Retour sur le moment Guizot

Historien, ministre, chef du gouvernement, essayiste et journaliste, il fut un personnage de premier plan de son temps.

     La carrière politique de François Guizot s’est déroulée sous la Restauration et la monarchie de Juillet, deux régimes méjugés, et l’on ne retient de lui qu’une formule – « Enrichissez-vous par le travail et par l’épargne » –, souvent en ne citant que les deux premiers mots qui servent à stigmatiser l’avidité de la bourgeoisie du XIXe siècle. Cette injustice, Laurent Theis avait voulu la réparer, en 2008, en publiant une biographie (Fayard) de cet homme qui, universitaire, ministre, diplomate, essayiste et journaliste, fut un personnage de premier plan, mais que le temps et une gauche qui ne l’a jamais aimé ont contribué à faire oublier. Ayant des affinités personnelles avec le libéralisme et le protestantisme de Guizot, Laurent Theis n’aura jamais épuisé le sujet. D’où ce nouveau livre où il a réuni notamment des articles parus dans des revues spécialisées ou des communications prononcées lors de colloques savants. On n’y trouvera donc pas un exposé systématique de la carrière de Guizot, mais une multiplicité d’éclairages qui permettent, à travers sa trajectoire, de traverser un siècle, de la fin de l’Ancien Régime à l’établissement de la IIIe République.

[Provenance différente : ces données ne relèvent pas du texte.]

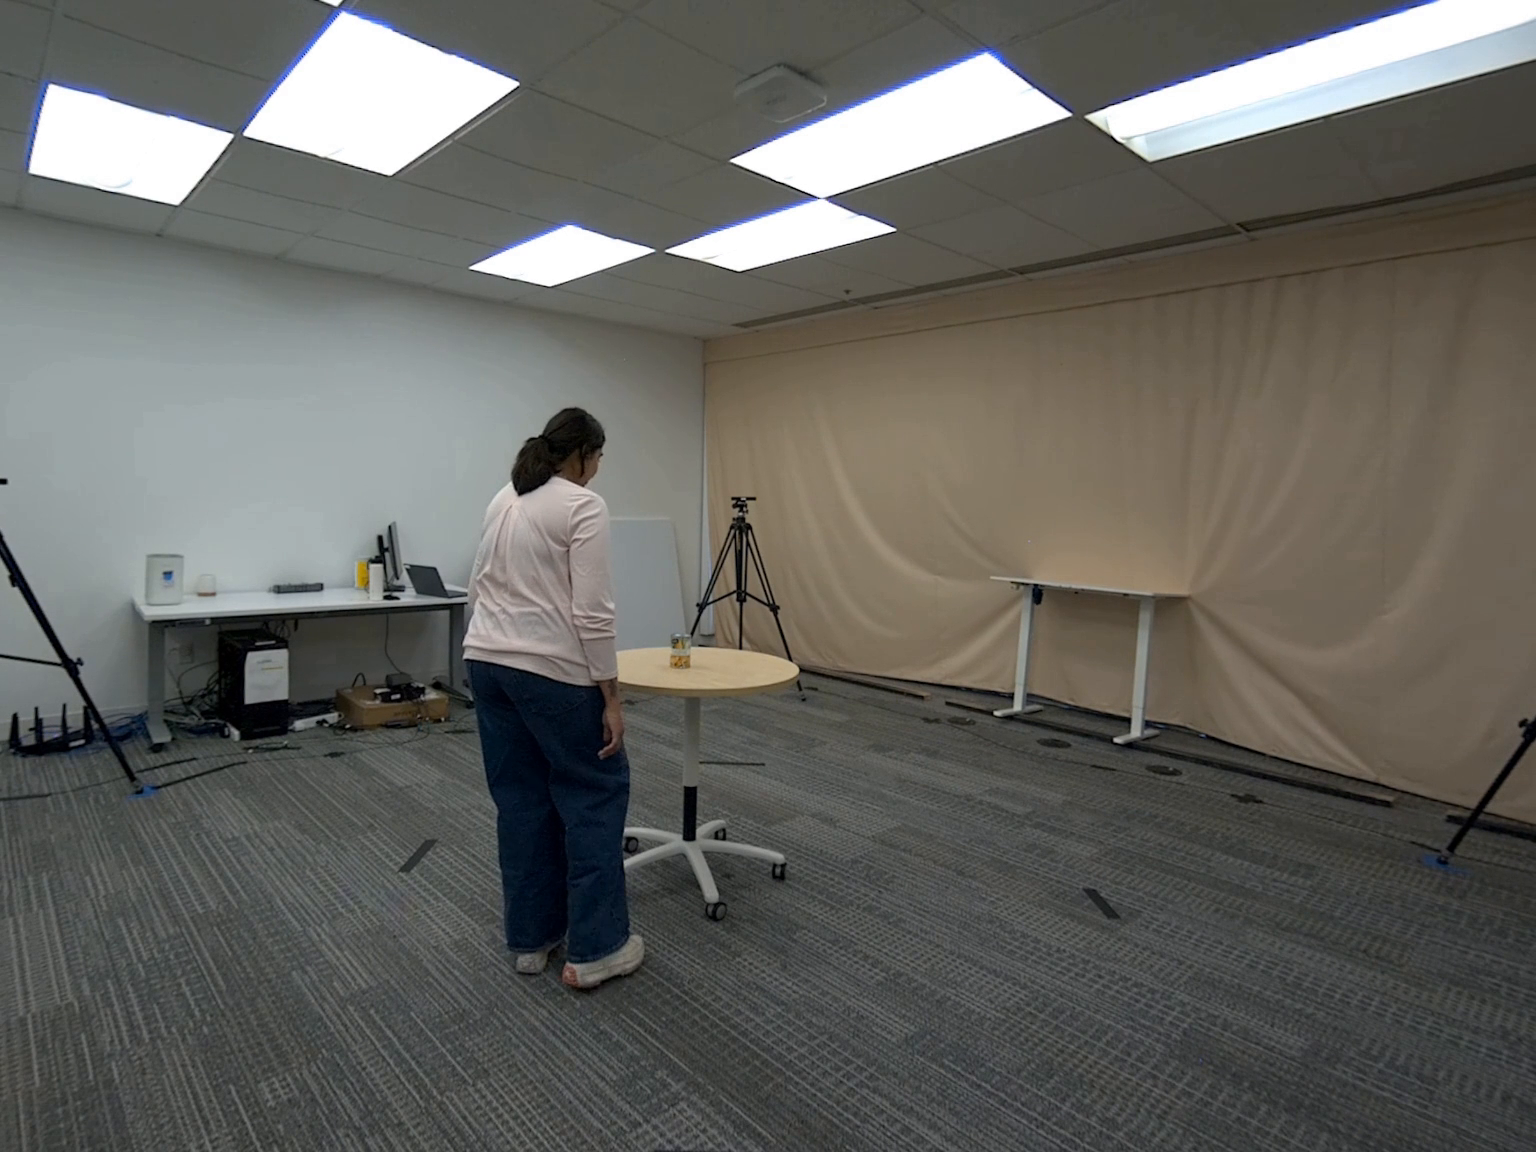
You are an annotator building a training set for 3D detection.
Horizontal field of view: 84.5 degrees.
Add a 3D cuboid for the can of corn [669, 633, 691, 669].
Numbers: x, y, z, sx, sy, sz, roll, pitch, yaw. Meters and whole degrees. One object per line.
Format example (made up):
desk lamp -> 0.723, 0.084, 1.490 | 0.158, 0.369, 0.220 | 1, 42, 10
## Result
can of corn -> -0.322, 0.271, 3.020 | 0.074, 0.111, 0.074 | 2, 3, -1
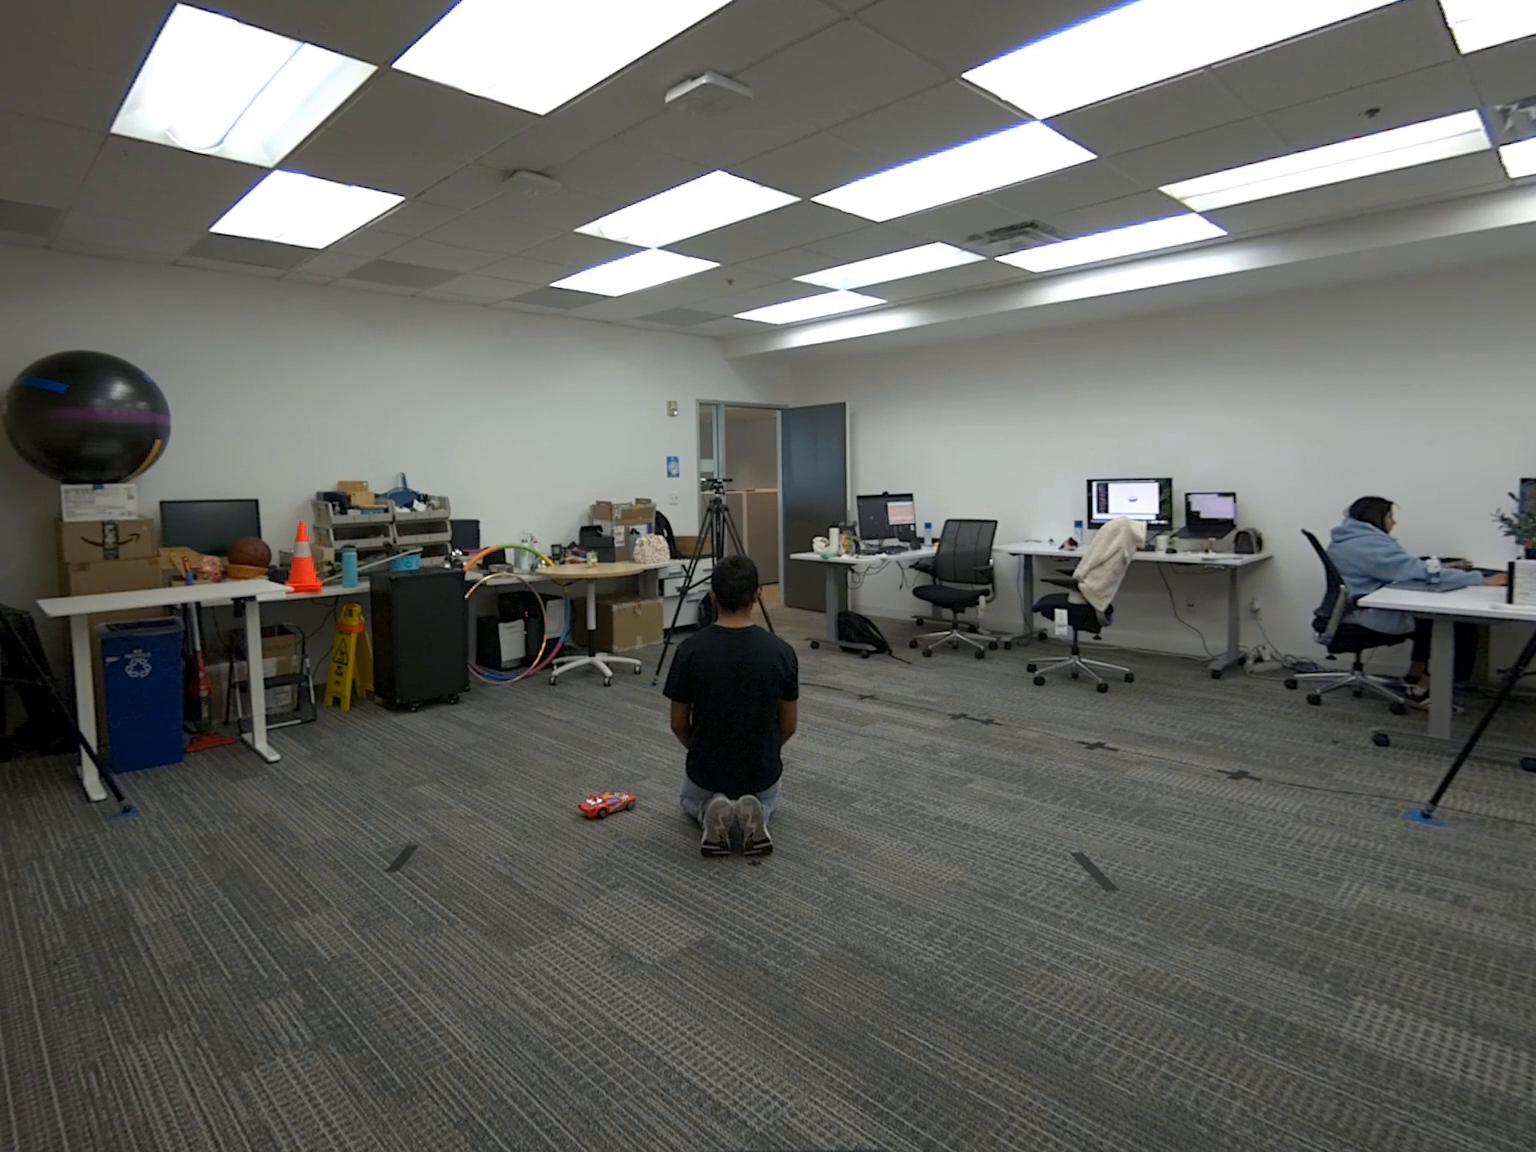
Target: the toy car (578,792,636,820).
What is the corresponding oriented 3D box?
[{"bbox_3d":[-0.687,0.962,3.615,0.246,0.083,0.134,8,-2,-41],"label":"toy car"}]
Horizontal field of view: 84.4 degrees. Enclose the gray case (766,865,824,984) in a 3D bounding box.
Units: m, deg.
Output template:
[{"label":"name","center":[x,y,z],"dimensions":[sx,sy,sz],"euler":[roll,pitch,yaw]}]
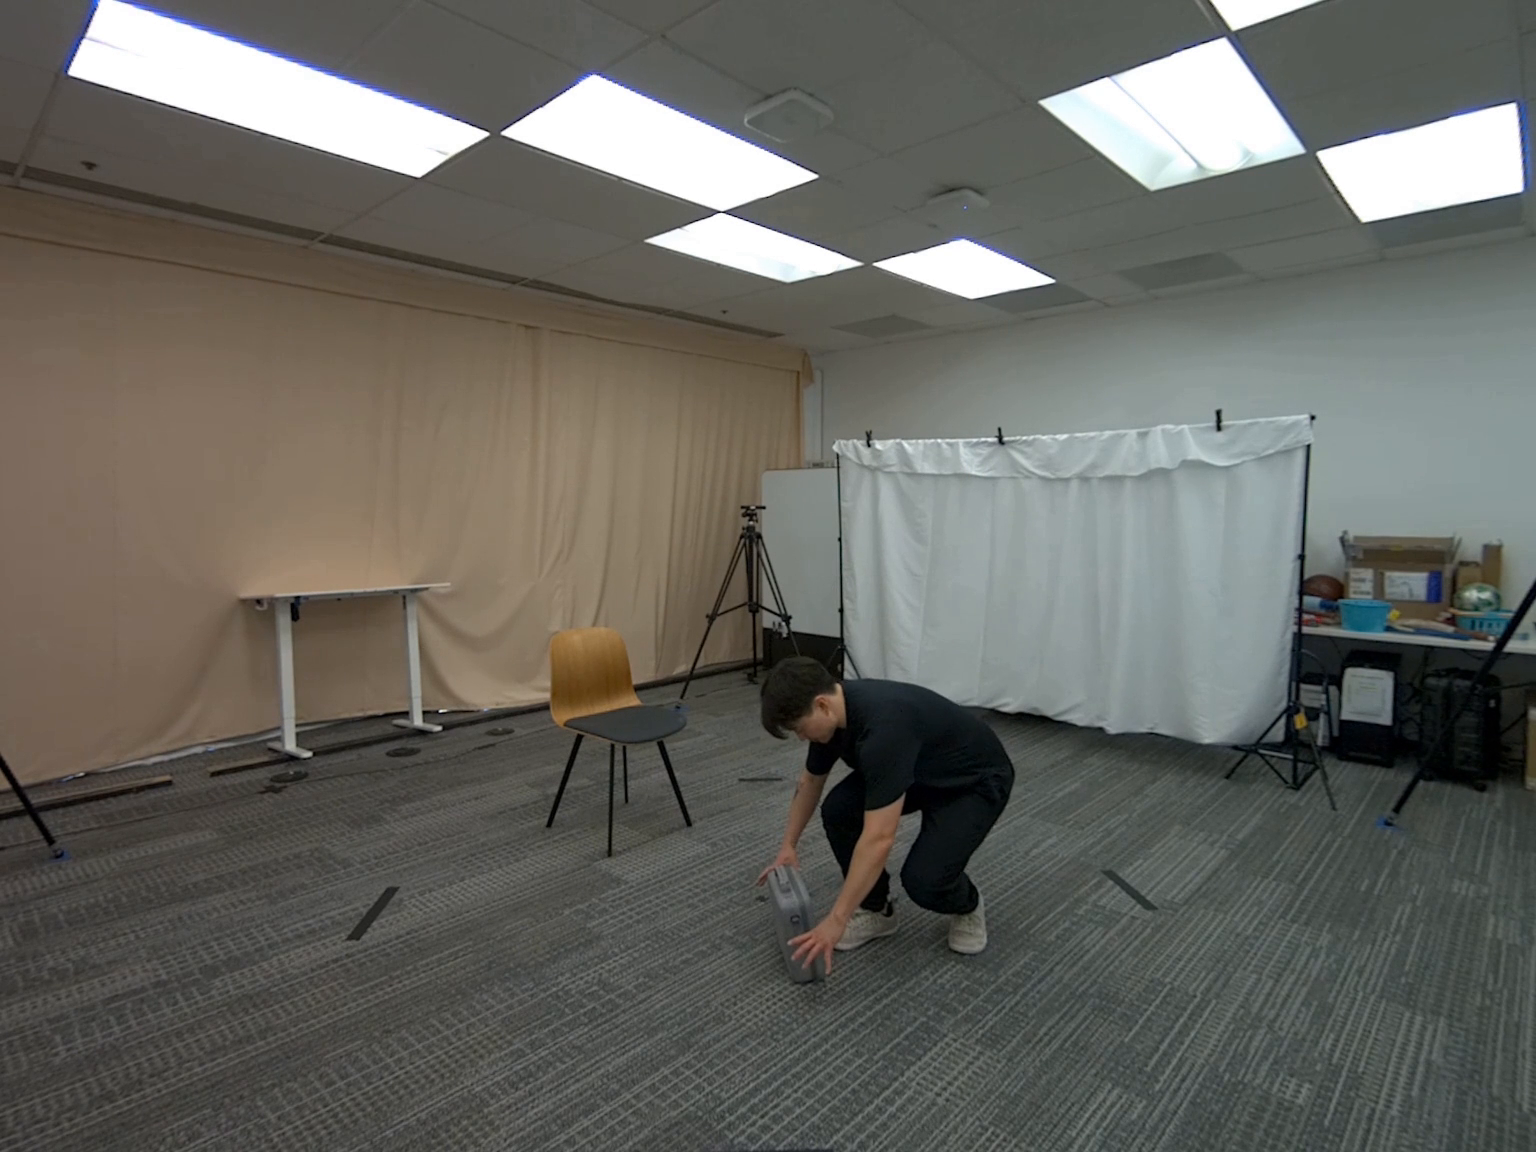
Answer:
[{"label":"gray case","center":[0.087,1.053,2.561],"dimensions":[0.103,0.259,0.260],"euler":[-11,6,-8]}]
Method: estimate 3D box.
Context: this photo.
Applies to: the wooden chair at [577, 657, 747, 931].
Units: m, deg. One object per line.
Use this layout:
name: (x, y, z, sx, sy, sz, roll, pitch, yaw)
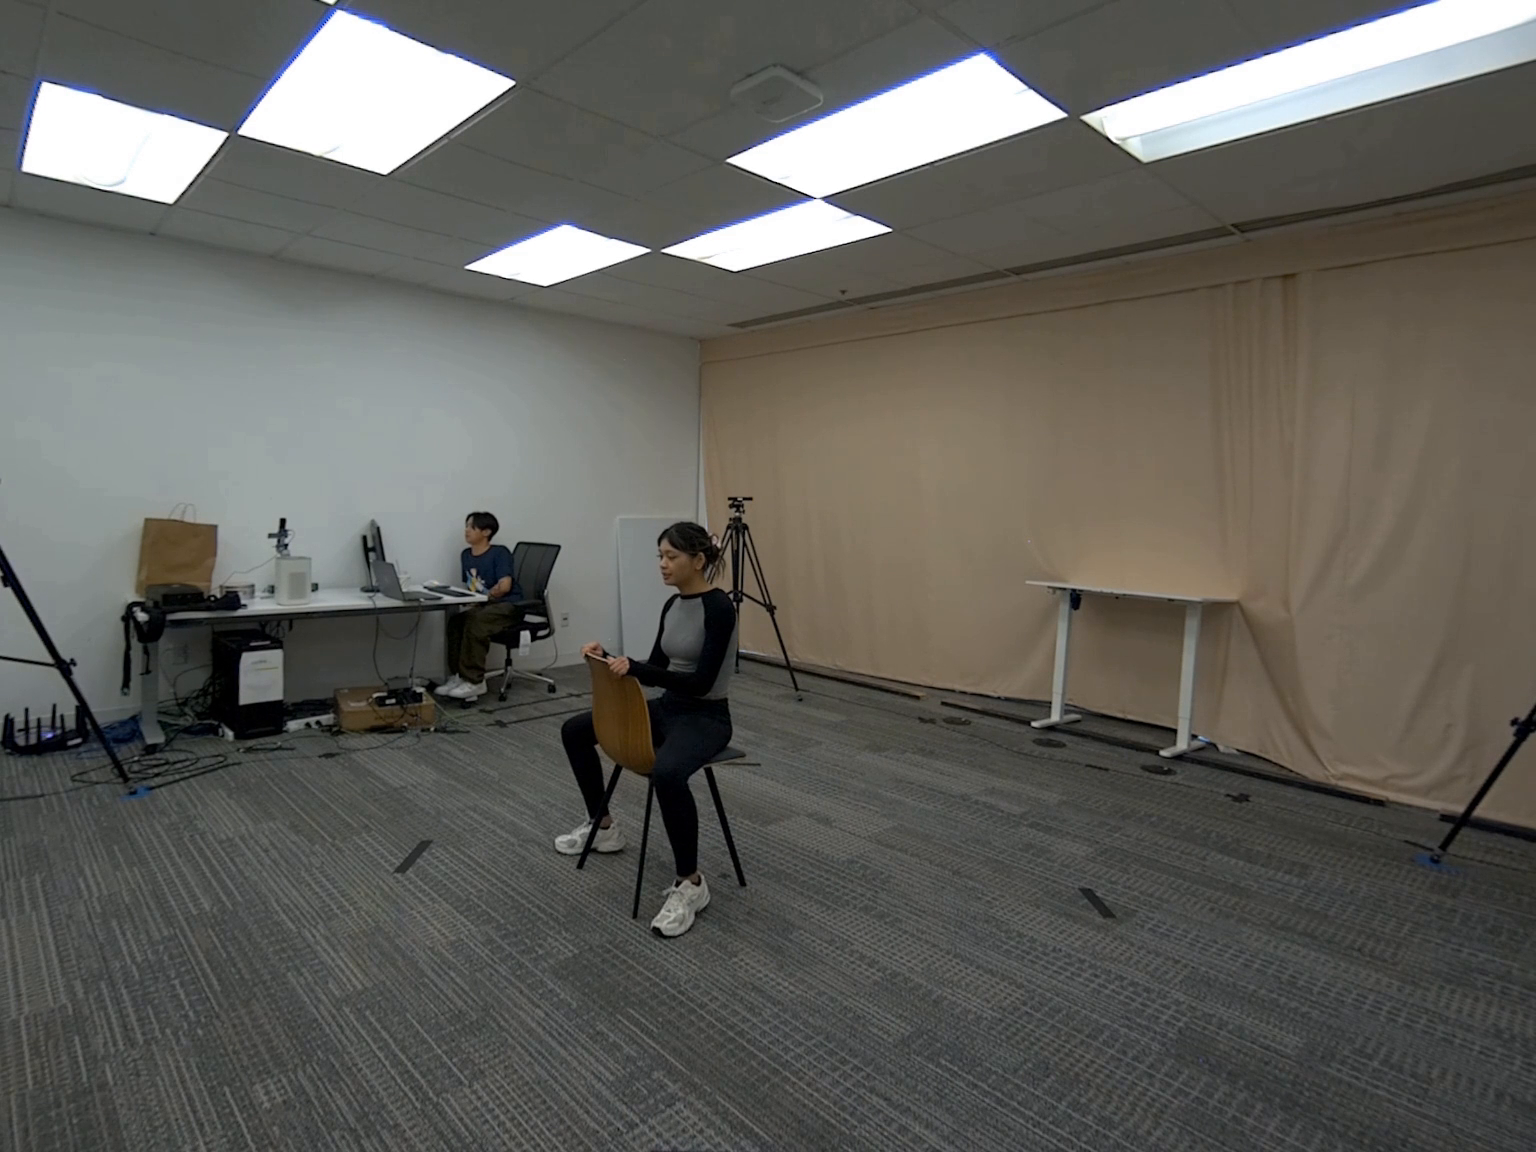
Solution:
wooden chair: (-0.380, 0.679, 3.057, 0.513, 0.873, 0.490, -7, 8, -35)

     Professeur à la Sorbonne, Guizot se rallie à Louis XVIII en 1814. Monarchiste constitutionnel, il aspire à concilier les libertés politiques issues de la Révolution et le respect de l’ordre. Député en 1830, il soutient Louis-Philippe dont il devient ministre de l’Intérieur, puis ­ministre de l’Instruction publique (sa célèbre loi de 1833 fonde l’enseignement primaire public). Ensuite ministre des Affaires étrangères, puis chef du gouvernement, il s’attache à une ligne du « juste milieu ». ­Commettant l’erreur de ne pas comprendre que le suffrage universel est en réalité conservateur, il s’accroche au suffrage censitaire, ce qui provoque la chute de la monarchie de Juillet. Après 1848, vivant à l’écart de la politique, il se consacre jusqu’à sa mort (1874) à ses travaux d’historien. « Il fut par excellence le représentant d’une France d’une époque », écrit Laurent Theis. Le « moment Guizot », selon l’expression de Pierre Rosanvallon, ne sachant pas trouver de base populaire, eut ses limites. Il marquait néanmoins la recherche sincère d’un équilibre constitutionnel, exercice difficile en France.

Jean Sévillia

Guizot. La traversée d’un siècle, de Laurent Theis, CNRS Editions, 198 p., 20 €.